==== Data to use

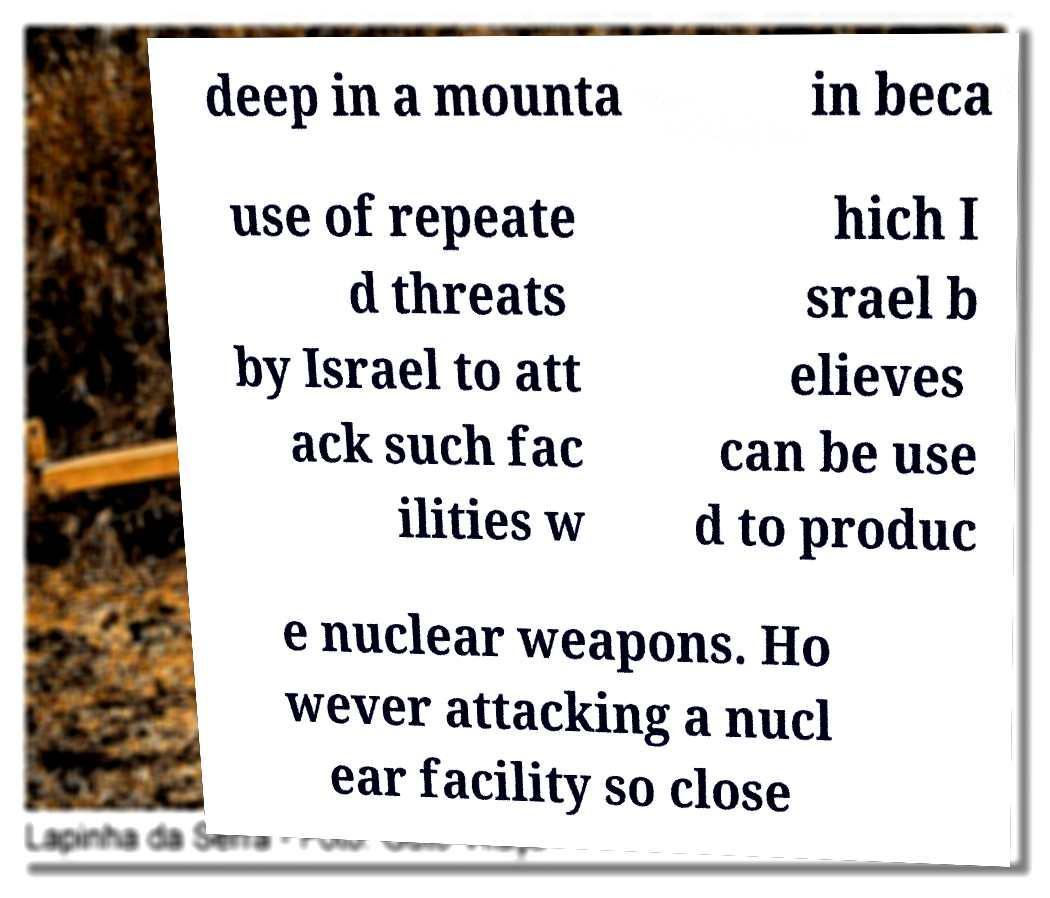Please identify and transcribe the text found in this image. deep in a mounta in beca use of repeate d threats by Israel to att ack such fac ilities w hich I srael b elieves can be use d to produc e nuclear weapons. Ho wever attacking a nucl ear facility so close 
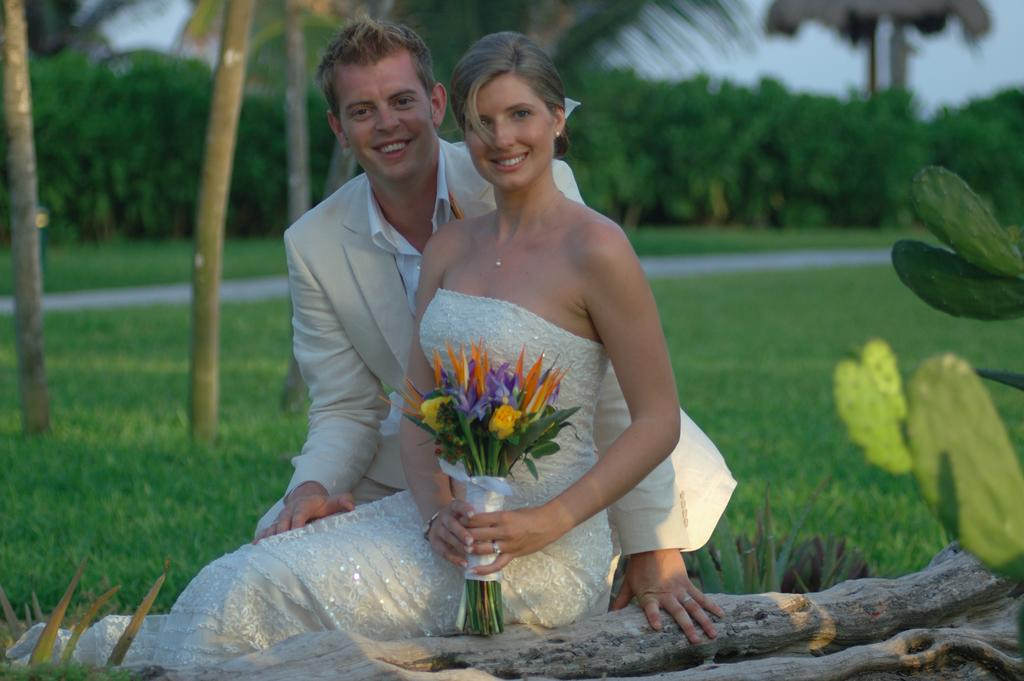How many people are present in the image? There is a man and a woman present in the image. What is the woman holding in the image? The woman is holding a bouquet. What can be seen in the background of the image? There are trees, sky, and grass visible in the background of the image. What is the condition of the background in the image? The background of the image is blurry. What type of wood is the man attacking in the image? There is no man attacking any wood in the image. What is the reason for the war depicted in the image? There is no war depicted in the image. 
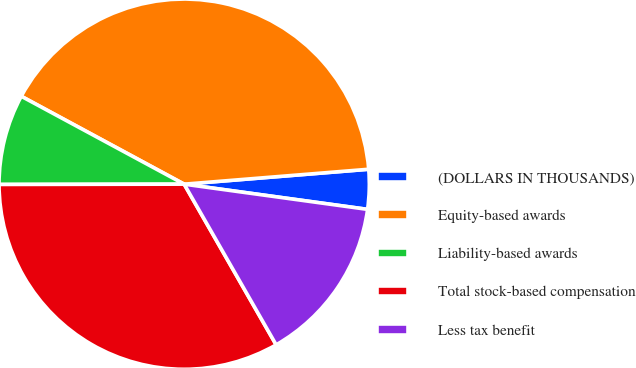Convert chart. <chart><loc_0><loc_0><loc_500><loc_500><pie_chart><fcel>(DOLLARS IN THOUSANDS)<fcel>Equity-based awards<fcel>Liability-based awards<fcel>Total stock-based compensation<fcel>Less tax benefit<nl><fcel>3.46%<fcel>40.84%<fcel>7.9%<fcel>33.25%<fcel>14.55%<nl></chart> 
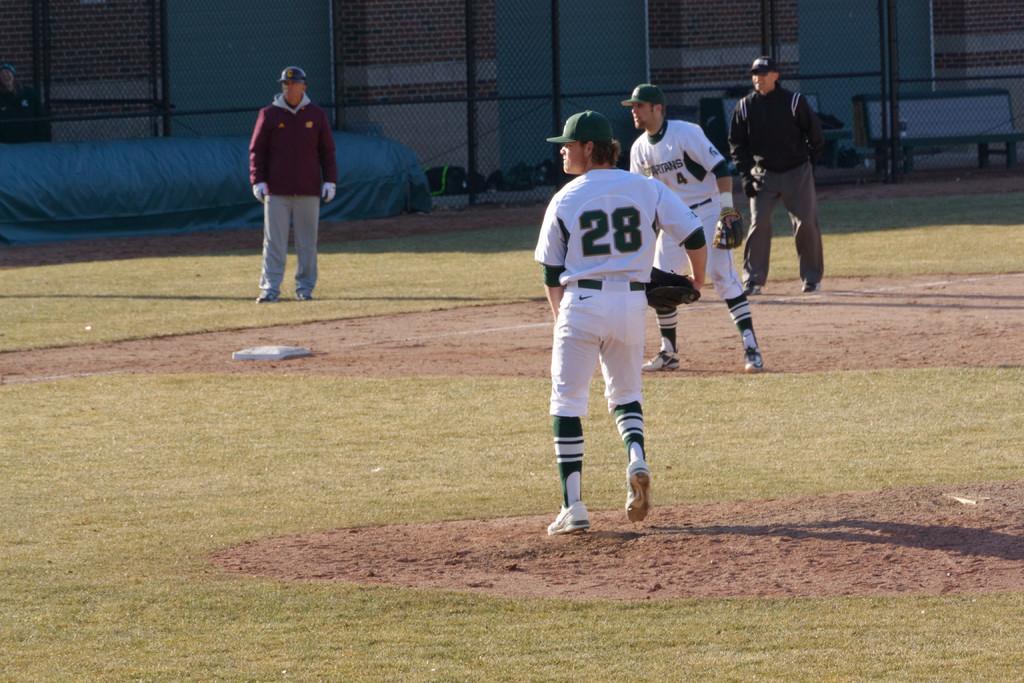What number is the player who isn't on the pitcher's mound?
Ensure brevity in your answer.  4. 
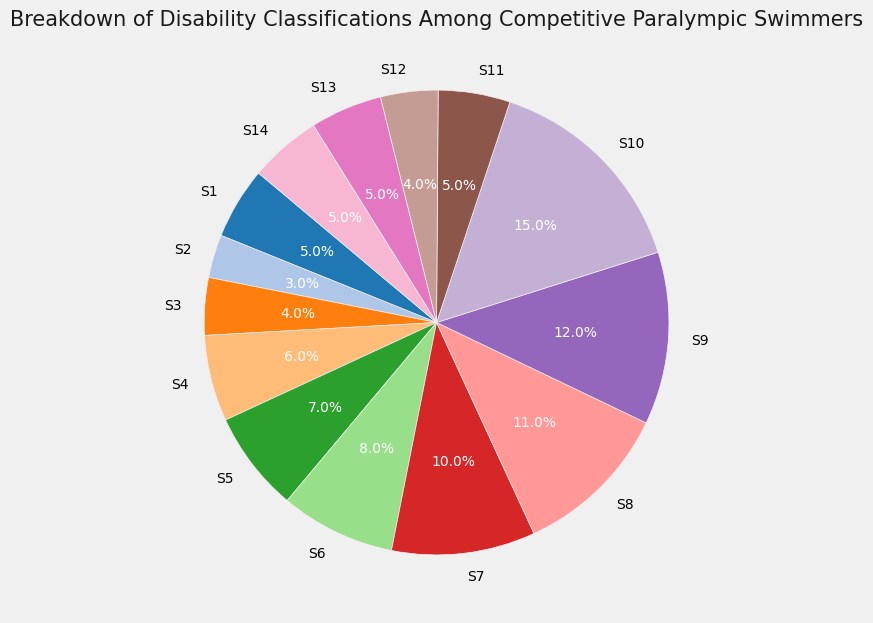What is the most common disability classification among competitive Paralympic swimmers? The largest section of the pie chart represents 15%, which corresponds to S10. Therefore, S10 is the most common disability classification.
Answer: S10 Which disability classifications have the same percentage representation? By examining the pie chart, the segments for S1, S11, S13, and S14 all show 5%, indicating they have the same percentage representation.
Answer: S1, S11, S13, S14 What percentage of competitive Paralympic swimmers fall under classifications S1 through S5? Sum the percentages for S1 (5%), S2 (3%), S3 (4%), S4 (6%), and S5 (7%): 5 + 3 + 4 + 6 + 7 = 25%.
Answer: 25% Which classifications have a lower percentage than S9? S9 has a percentage of 12%. The classifications with lower percentages are S1 (5%), S2 (3%), S3 (4%), S4 (6%), S5 (7%), S6 (8%), S7 (10%), S11 (5%), S12 (4%), S13 (5%), S14 (5%).
Answer: S1, S2, S3, S4, S5, S6, S7, S11, S12, S13, S14 What is the combined percentage of classifications S7 and S8? Adding the percentages for S7 (10%) and S8 (11%) gives 10 + 11 = 21%.
Answer: 21% Which classification has exactly half the representation compared to S10? S10 is represented by 15%. The percentage half of 15% is 7.5%. No classifications have exactly 7.5%, but the closest is S5 with 7%.
Answer: S5 Among classifications S11 to S14, which has the lowest percentage? S11, S12, S13, and S14 have percentages of 5%, 4%, 5%, and 5%, respectively. S12 has the lowest percentage at 4%.
Answer: S12 What is the median percentage of all disability classifications presented? To find the median, list all percentages in ascending order (3, 4, 4, 5, 5, 5, 5, 6, 7, 8, 10, 11, 12, 15). The middle values are 5% and 6%, and their average is (5 + 6) / 2 = 5.5%.
Answer: 5.5% Are there more classifications above or below 10%? Classifications above 10% are S8 (11%), S9 (12%), S10 (15%)—3 classifications. Classifications below 10% are S1 (5%), S2 (3%), S3 (4%), S4 (6%), S5 (7%), S6 (8%), S7 (10%), S11 (5%), S12 (4%), S13 (5%), S14 (5%)—11 classifications. Therefore, more classifications are below 10%.
Answer: Below If you combine the percentages of the two least common classifications, what is their total? The least common classifications are S2 (3%) and S3 (4%). Adding their percentages gives 3 + 4 = 7%.
Answer: 7% 
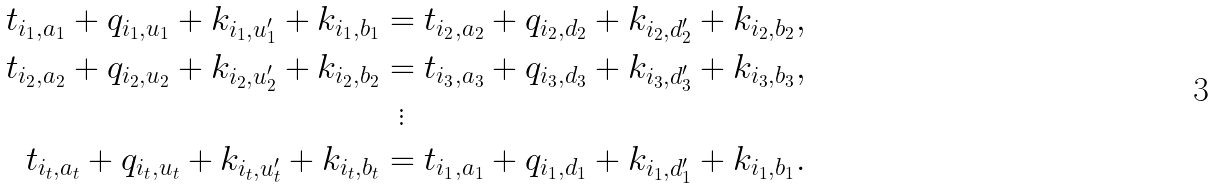Convert formula to latex. <formula><loc_0><loc_0><loc_500><loc_500>t _ { i _ { 1 } , a _ { 1 } } + q _ { i _ { 1 } , u _ { 1 } } + k _ { i _ { 1 } , u _ { 1 } ^ { \prime } } + k _ { i _ { 1 } , b _ { 1 } } & = t _ { i _ { 2 } , a _ { 2 } } + q _ { i _ { 2 } , d _ { 2 } } + k _ { i _ { 2 } , d _ { 2 } ^ { \prime } } + k _ { i _ { 2 } , b _ { 2 } } , \\ t _ { i _ { 2 } , a _ { 2 } } + q _ { i _ { 2 } , u _ { 2 } } + k _ { i _ { 2 } , u _ { 2 } ^ { \prime } } + k _ { i _ { 2 } , b _ { 2 } } & = t _ { i _ { 3 } , a _ { 3 } } + q _ { i _ { 3 } , d _ { 3 } } + k _ { i _ { 3 } , d _ { 3 } ^ { \prime } } + k _ { i _ { 3 } , b _ { 3 } } , \\ & \ \, \vdots \\ t _ { i _ { t } , a _ { t } } + q _ { i _ { t } , u _ { t } } + k _ { i _ { t } , u _ { t } ^ { \prime } } + k _ { i _ { t } , b _ { t } } & = t _ { i _ { 1 } , a _ { 1 } } + q _ { i _ { 1 } , d _ { 1 } } + k _ { i _ { 1 } , d _ { 1 } ^ { \prime } } + k _ { i _ { 1 } , b _ { 1 } } .</formula> 
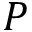<formula> <loc_0><loc_0><loc_500><loc_500>P</formula>

========

### Task goal
Exactly as written, restate all of the data, leaving out the images.

### Answer to this problem
Please identify and transcribe the text found in this image. deep in a mounta in beca use of repeate d threats by Israel to att ack such fac ilities w hich I srael b elieves can be use d to produc e nuclear weapons. Ho wever attacking a nucl ear facility so close 
How many people are present in the image? There is a man and a woman present in the image. What is the woman holding in the image? The woman is holding a bouquet. What can be seen in the background of the image? There are trees, sky, and grass visible in the background of the image. What is the condition of the background in the image? The background of the image is blurry. What type of wood is the man attacking in the image? There is no man attacking any wood in the image. What is the reason for the war depicted in the image? There is no war depicted in the image. 
Convert chart. <chart><loc_0><loc_0><loc_500><loc_500><pie_chart><fcel>(DOLLARS IN THOUSANDS)<fcel>Equity-based awards<fcel>Liability-based awards<fcel>Total stock-based compensation<fcel>Less tax benefit<nl><fcel>3.46%<fcel>40.84%<fcel>7.9%<fcel>33.25%<fcel>14.55%<nl></chart> 
What number is the player who isn't on the pitcher's mound?
Ensure brevity in your answer.  4. 
What is the most common disability classification among competitive Paralympic swimmers? The largest section of the pie chart represents 15%, which corresponds to S10. Therefore, S10 is the most common disability classification.
Answer: S10 Which disability classifications have the same percentage representation? By examining the pie chart, the segments for S1, S11, S13, and S14 all show 5%, indicating they have the same percentage representation.
Answer: S1, S11, S13, S14 What percentage of competitive Paralympic swimmers fall under classifications S1 through S5? Sum the percentages for S1 (5%), S2 (3%), S3 (4%), S4 (6%), and S5 (7%): 5 + 3 + 4 + 6 + 7 = 25%.
Answer: 25% Which classifications have a lower percentage than S9? S9 has a percentage of 12%. The classifications with lower percentages are S1 (5%), S2 (3%), S3 (4%), S4 (6%), S5 (7%), S6 (8%), S7 (10%), S11 (5%), S12 (4%), S13 (5%), S14 (5%).
Answer: S1, S2, S3, S4, S5, S6, S7, S11, S12, S13, S14 What is the combined percentage of classifications S7 and S8? Adding the percentages for S7 (10%) and S8 (11%) gives 10 + 11 = 21%.
Answer: 21% Which classification has exactly half the representation compared to S10? S10 is represented by 15%. The percentage half of 15% is 7.5%. No classifications have exactly 7.5%, but the closest is S5 with 7%.
Answer: S5 Among classifications S11 to S14, which has the lowest percentage? S11, S12, S13, and S14 have percentages of 5%, 4%, 5%, and 5%, respectively. S12 has the lowest percentage at 4%.
Answer: S12 What is the median percentage of all disability classifications presented? To find the median, list all percentages in ascending order (3, 4, 4, 5, 5, 5, 5, 6, 7, 8, 10, 11, 12, 15). The middle values are 5% and 6%, and their average is (5 + 6) / 2 = 5.5%.
Answer: 5.5% Are there more classifications above or below 10%? Classifications above 10% are S8 (11%), S9 (12%), S10 (15%)—3 classifications. Classifications below 10% are S1 (5%), S2 (3%), S3 (4%), S4 (6%), S5 (7%), S6 (8%), S7 (10%), S11 (5%), S12 (4%), S13 (5%), S14 (5%)—11 classifications. Therefore, more classifications are below 10%.
Answer: Below If you combine the percentages of the two least common classifications, what is their total? The least common classifications are S2 (3%) and S3 (4%). Adding their percentages gives 3 + 4 = 7%.
Answer: 7% 
Convert formula to latex. <formula><loc_0><loc_0><loc_500><loc_500>t _ { i _ { 1 } , a _ { 1 } } + q _ { i _ { 1 } , u _ { 1 } } + k _ { i _ { 1 } , u _ { 1 } ^ { \prime } } + k _ { i _ { 1 } , b _ { 1 } } & = t _ { i _ { 2 } , a _ { 2 } } + q _ { i _ { 2 } , d _ { 2 } } + k _ { i _ { 2 } , d _ { 2 } ^ { \prime } } + k _ { i _ { 2 } , b _ { 2 } } , \\ t _ { i _ { 2 } , a _ { 2 } } + q _ { i _ { 2 } , u _ { 2 } } + k _ { i _ { 2 } , u _ { 2 } ^ { \prime } } + k _ { i _ { 2 } , b _ { 2 } } & = t _ { i _ { 3 } , a _ { 3 } } + q _ { i _ { 3 } , d _ { 3 } } + k _ { i _ { 3 } , d _ { 3 } ^ { \prime } } + k _ { i _ { 3 } , b _ { 3 } } , \\ & \ \, \vdots \\ t _ { i _ { t } , a _ { t } } + q _ { i _ { t } , u _ { t } } + k _ { i _ { t } , u _ { t } ^ { \prime } } + k _ { i _ { t } , b _ { t } } & = t _ { i _ { 1 } , a _ { 1 } } + q _ { i _ { 1 } , d _ { 1 } } + k _ { i _ { 1 } , d _ { 1 } ^ { \prime } } + k _ { i _ { 1 } , b _ { 1 } } .</formula> 
<formula> <loc_0><loc_0><loc_500><loc_500>P</formula>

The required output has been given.